** INPUT MATERIAL **

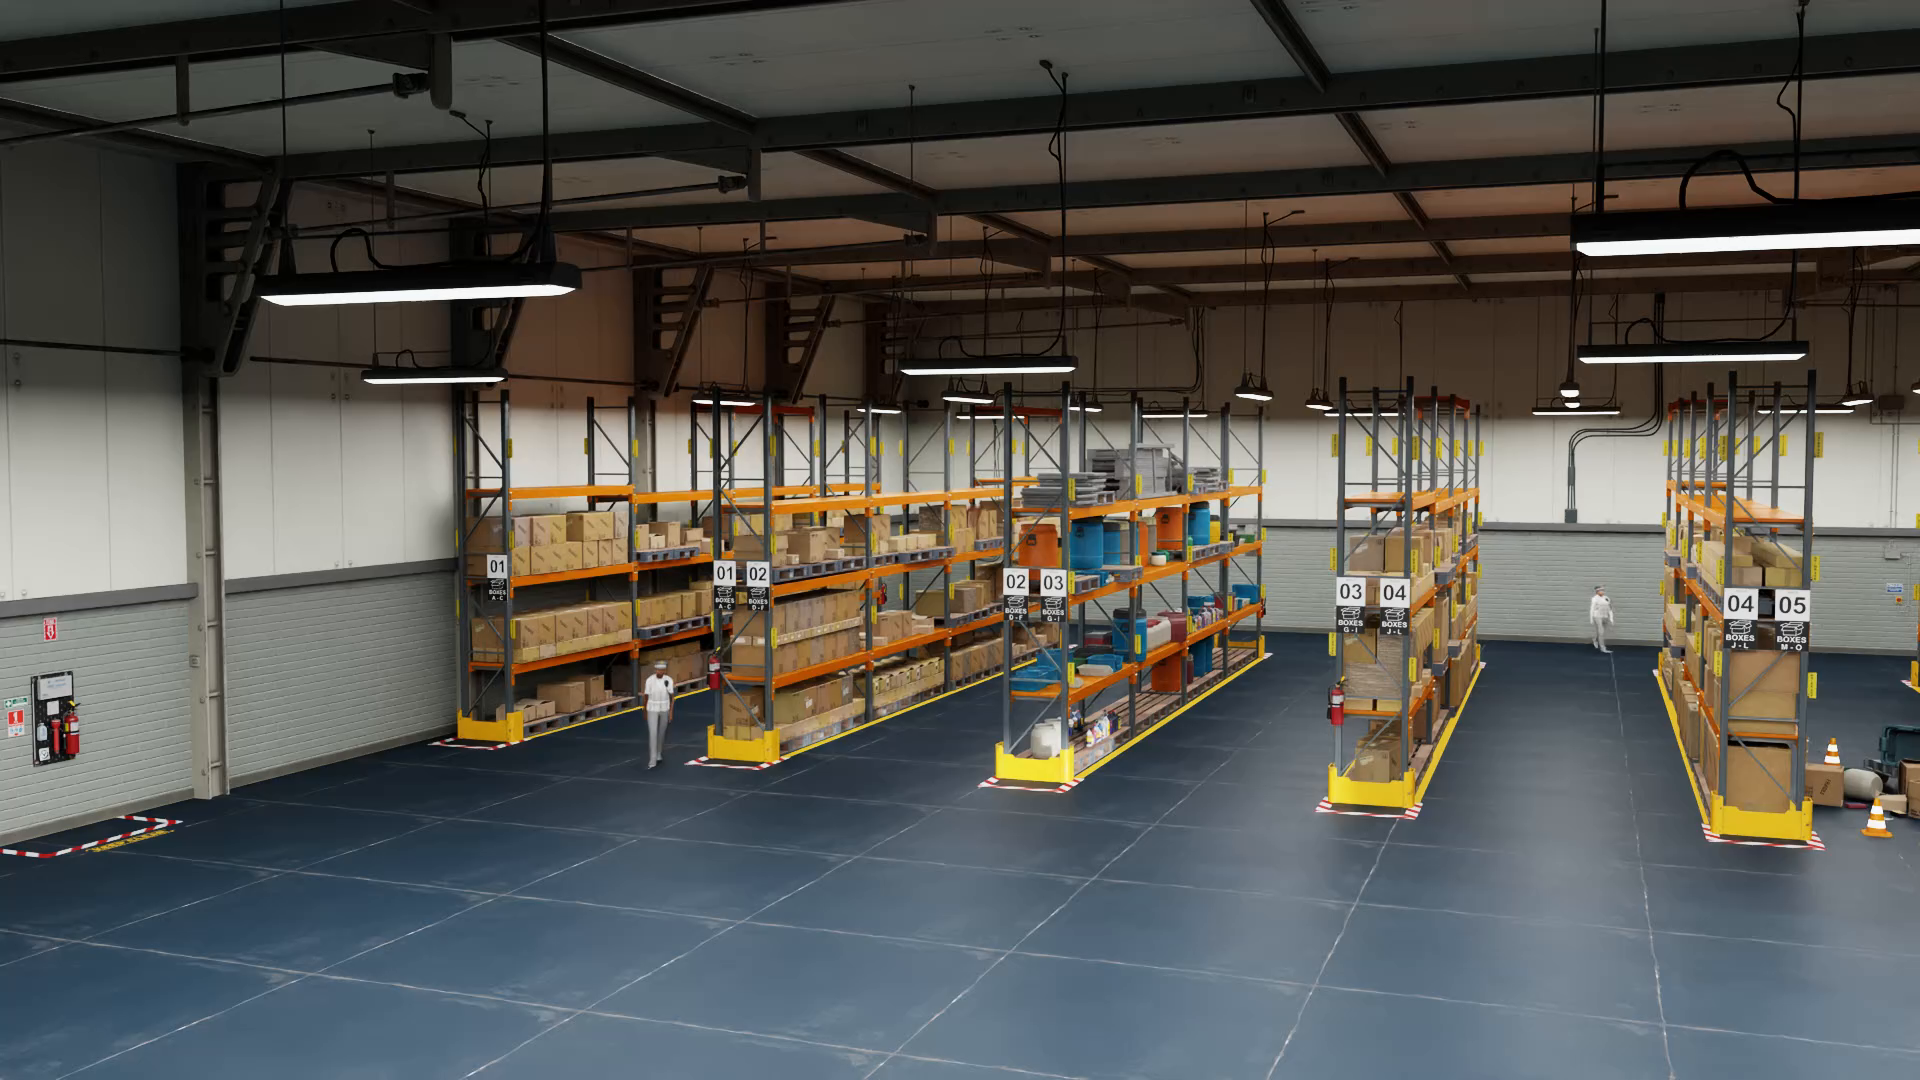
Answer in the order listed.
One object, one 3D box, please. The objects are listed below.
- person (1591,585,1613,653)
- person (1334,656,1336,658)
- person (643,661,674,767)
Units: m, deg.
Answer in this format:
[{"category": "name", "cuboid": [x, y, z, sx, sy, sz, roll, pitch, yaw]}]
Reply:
[{"category": "person", "cuboid": [15.756, 1.914, 40.885, 0.512, 1.663, 0.785, 0, 3, -9]}, {"category": "person", "cuboid": [8.000, 2.273, 34.183, 0.563, 1.614, 1.013, 2, 4, 31]}, {"category": "person", "cuboid": [-4.781, 2.714, 26.289, 0.526, 1.634, 0.872, -2, 4, -26]}]

** GOAL OF THE EXERCISE **
Word for word, retype the lines from the one containing "Answer in this" through the final line of the data, including both ends and nothing more.

** WRITTEN ANSWER **
Answer in this format:
[{"category": "name", "cuboid": [x, y, z, sx, sy, sz, roll, pitch, yaw]}]
Reply:
[{"category": "person", "cuboid": [15.756, 1.914, 40.885, 0.512, 1.663, 0.785, 0, 3, -9]}, {"category": "person", "cuboid": [8.000, 2.273, 34.183, 0.563, 1.614, 1.013, 2, 4, 31]}, {"category": "person", "cuboid": [-4.781, 2.714, 26.289, 0.526, 1.634, 0.872, -2, 4, -26]}]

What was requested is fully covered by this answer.